You Don’t Have a Lucky Cigarette?

April 4, 2026

I don't know what it is that makes people want to confide in me but I've come across many eyes that grow a certain gaze, one that I struggle to determine if I indulge in or not. 

They give me the sort of look that you give a cigarette pack the first time you're allowed to bum one.

This is my new addiction and I will inhale until all there is left is a pile of ash that I step on while walking by to feed my newfound selfish hunger. 

I've felt this before and I understand the desperate need for comfort.

How do I fall into this gaze? That I'm unsure.

I find it’s in the exchange of offering my hand.

You see they don't notice that in stretching out my fingers I am reaching as if the hands in The Creation of Adam were my own, an attempt to extend my being into theirs. 

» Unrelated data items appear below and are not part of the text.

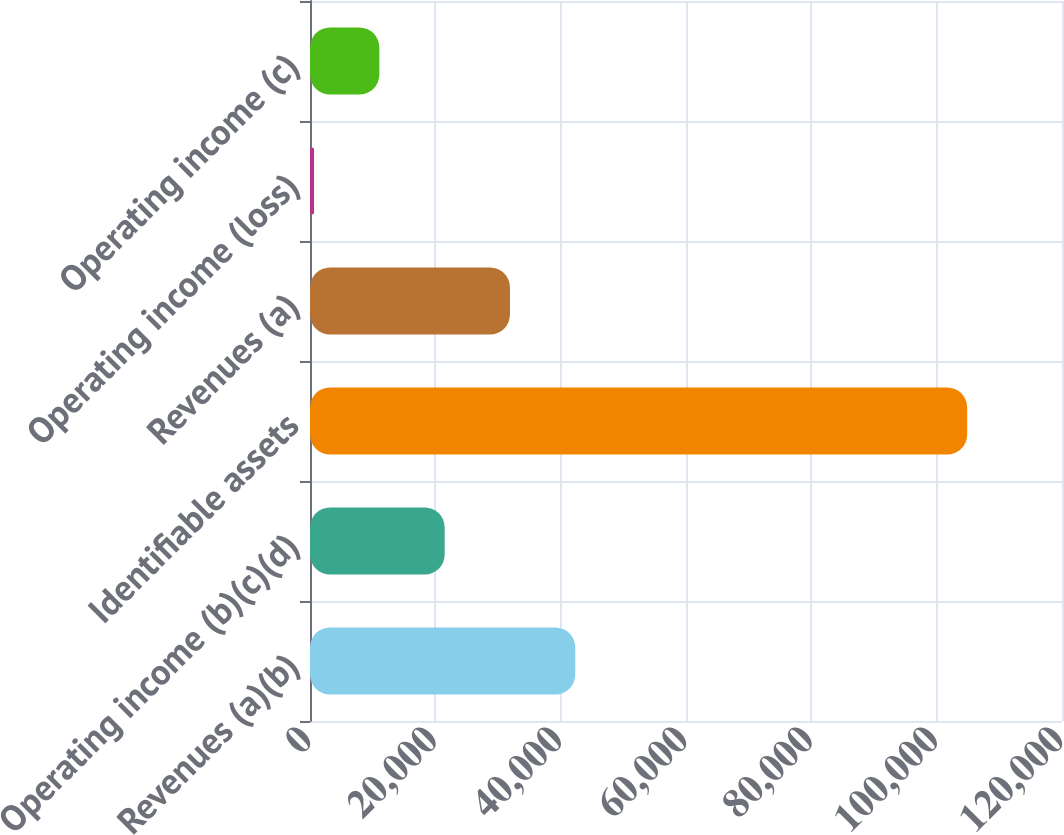Convert chart to OTSL. <chart><loc_0><loc_0><loc_500><loc_500><bar_chart><fcel>Revenues (a)(b)<fcel>Operating income (b)(c)(d)<fcel>Identifiable assets<fcel>Revenues (a)<fcel>Operating income (loss)<fcel>Operating income (c)<nl><fcel>42334<fcel>21490<fcel>104866<fcel>31912<fcel>646<fcel>11068<nl></chart> 
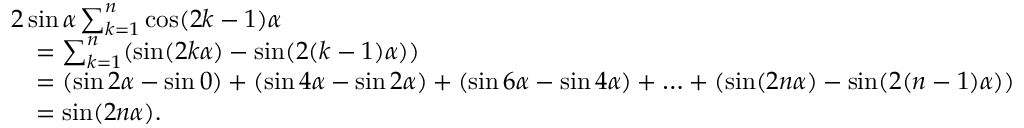<formula> <loc_0><loc_0><loc_500><loc_500>{ \begin{array} { r l } & { 2 \sin \alpha \sum _ { k = 1 } ^ { n } \cos ( 2 k - 1 ) \alpha } \\ & { \quad = \sum _ { k = 1 } ^ { n } ( \sin ( 2 k \alpha ) - \sin ( 2 ( k - 1 ) \alpha ) ) } \\ & { \quad = ( \sin 2 \alpha - \sin 0 ) + ( \sin 4 \alpha - \sin 2 \alpha ) + ( \sin 6 \alpha - \sin 4 \alpha ) + \dots + ( \sin ( 2 n \alpha ) - \sin ( 2 ( n - 1 ) \alpha ) ) } \\ & { \quad = \sin ( 2 n \alpha ) . } \end{array} }</formula> 
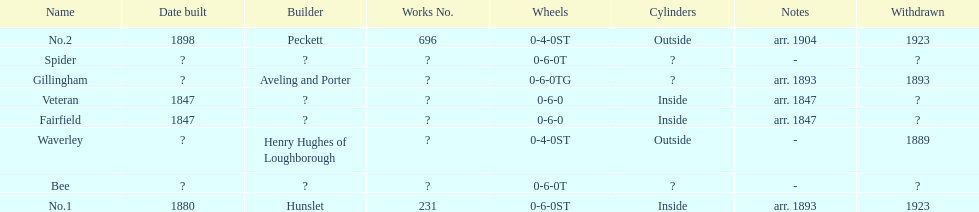Were there more with inside or outside cylinders? Inside. 
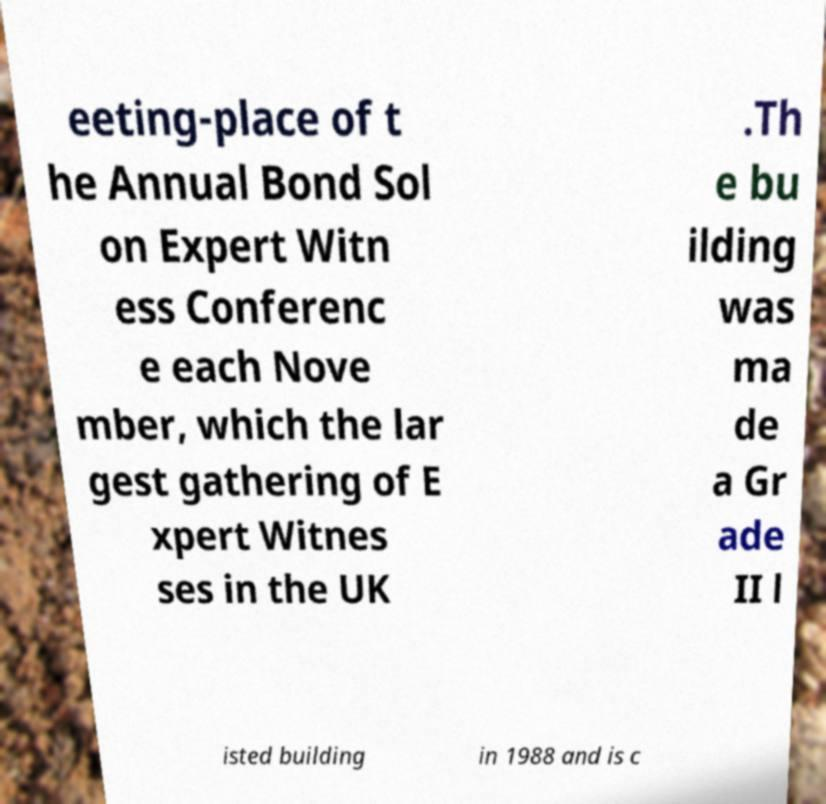Can you accurately transcribe the text from the provided image for me? eeting-place of t he Annual Bond Sol on Expert Witn ess Conferenc e each Nove mber, which the lar gest gathering of E xpert Witnes ses in the UK .Th e bu ilding was ma de a Gr ade II l isted building in 1988 and is c 
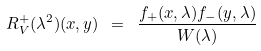<formula> <loc_0><loc_0><loc_500><loc_500>R _ { V } ^ { + } ( \lambda ^ { 2 } ) ( x , y ) \ = \ \frac { f _ { + } ( x , \lambda ) f _ { - } ( y , \lambda ) } { W ( \lambda ) }</formula> 
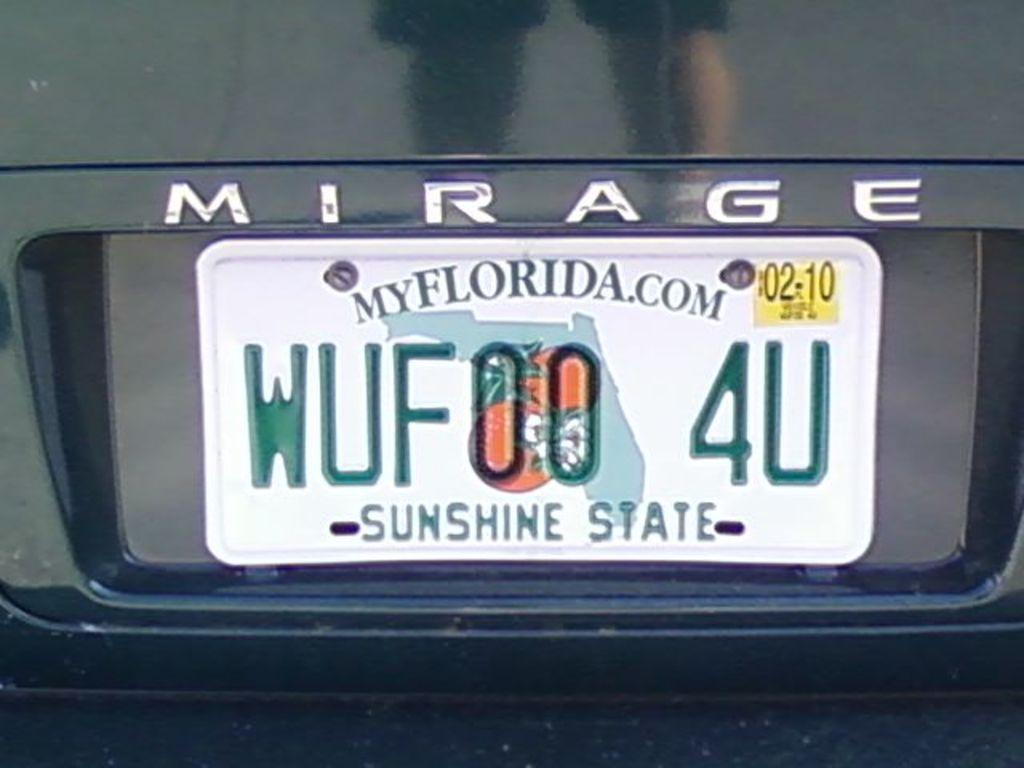<image>
Present a compact description of the photo's key features. A black car says Mirage above the license plate. 
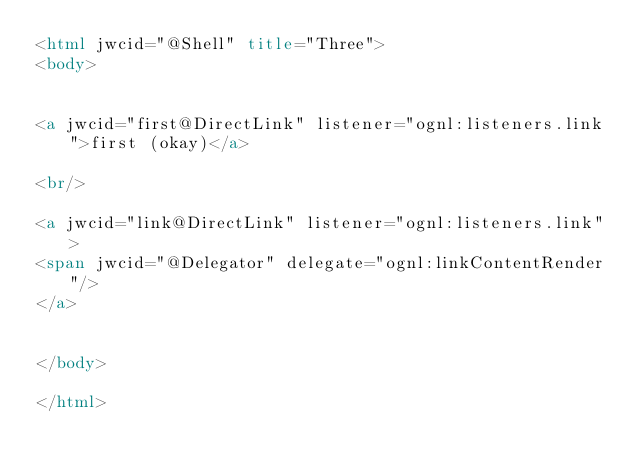<code> <loc_0><loc_0><loc_500><loc_500><_HTML_><html jwcid="@Shell" title="Three">
<body>
	

<a jwcid="first@DirectLink" listener="ognl:listeners.link">first (okay)</a>

<br/>

<a jwcid="link@DirectLink" listener="ognl:listeners.link">
<span jwcid="@Delegator" delegate="ognl:linkContentRender"/>	
</a>


</body>

</html></code> 
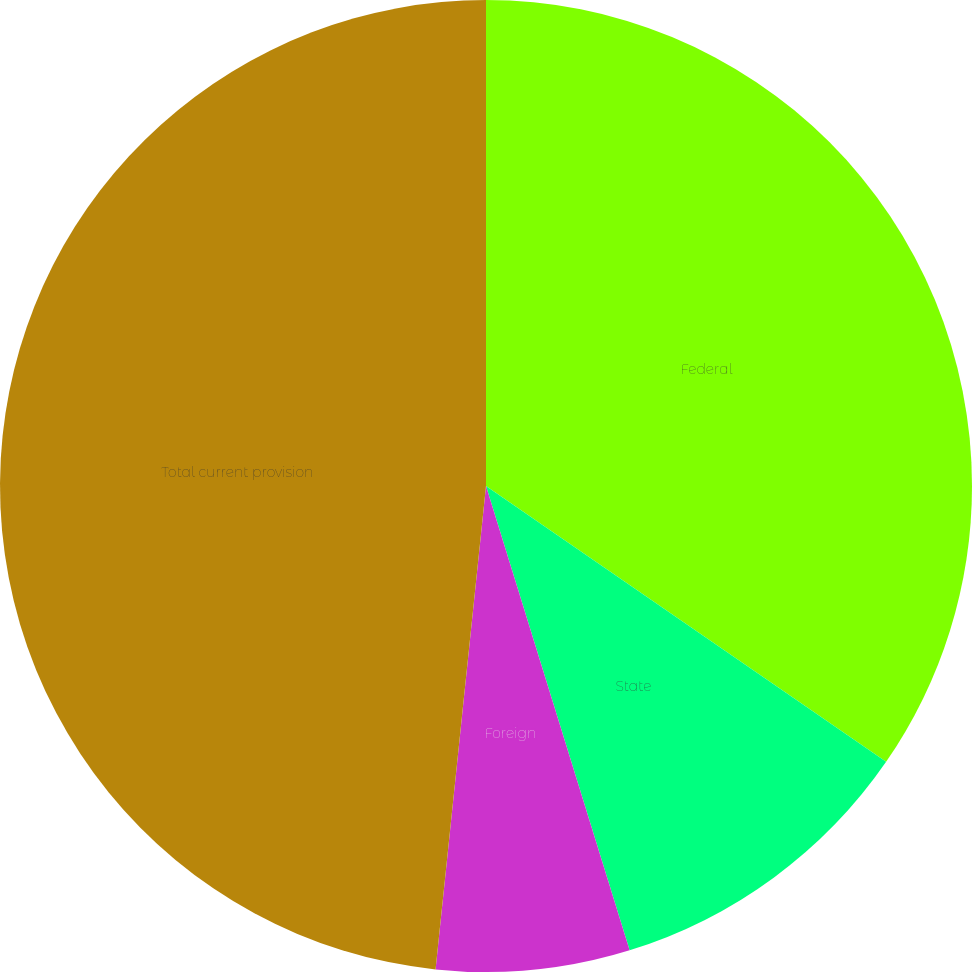<chart> <loc_0><loc_0><loc_500><loc_500><pie_chart><fcel>Federal<fcel>State<fcel>Foreign<fcel>Total current provision<nl><fcel>34.61%<fcel>10.62%<fcel>6.43%<fcel>48.35%<nl></chart> 
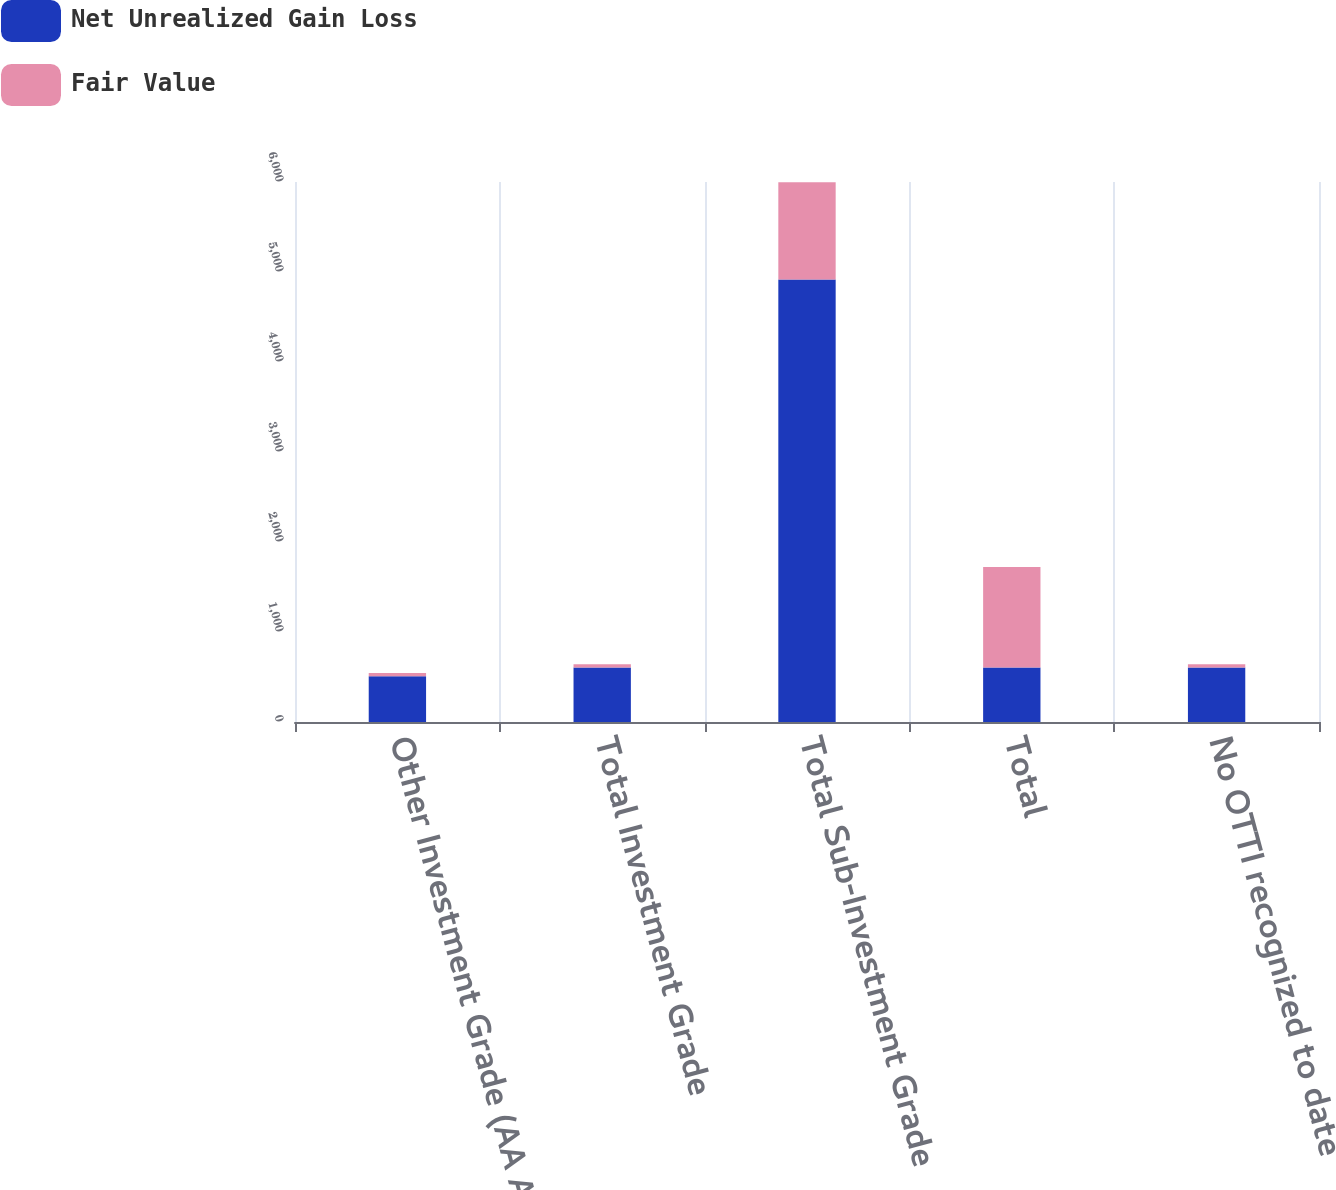Convert chart. <chart><loc_0><loc_0><loc_500><loc_500><stacked_bar_chart><ecel><fcel>Other Investment Grade (AA A<fcel>Total Investment Grade<fcel>Total Sub-Investment Grade<fcel>Total<fcel>No OTTI recognized to date<nl><fcel>Net Unrealized Gain Loss<fcel>509<fcel>606<fcel>4916<fcel>606<fcel>606<nl><fcel>Fair Value<fcel>35<fcel>36<fcel>1080<fcel>1116<fcel>36<nl></chart>

In the brief exchange, their fingers stretch confidently but for the lit cigarette in my hand, avoiding any contact but eye contact as they puff the cancerous smoke away letting it smack the faces of everyone walking by.

I often mistake that gaze for an internal touch, that's how I fell in love with my own addiction, the inhalation felt like a kiss that wrapped itself around and suffocated my lungs filling them with a profound silence that calmed my mind. 

I think that's how people fall in love with me. 

Lucky cigarettes are never my thing. I consider every cigarette unlucky unless it is found randomly at the bottom of my bag. 

But someone flipped one in my pack the other day. 

I'll consider this one lucky because it's the last time I'll fall into that gaze again.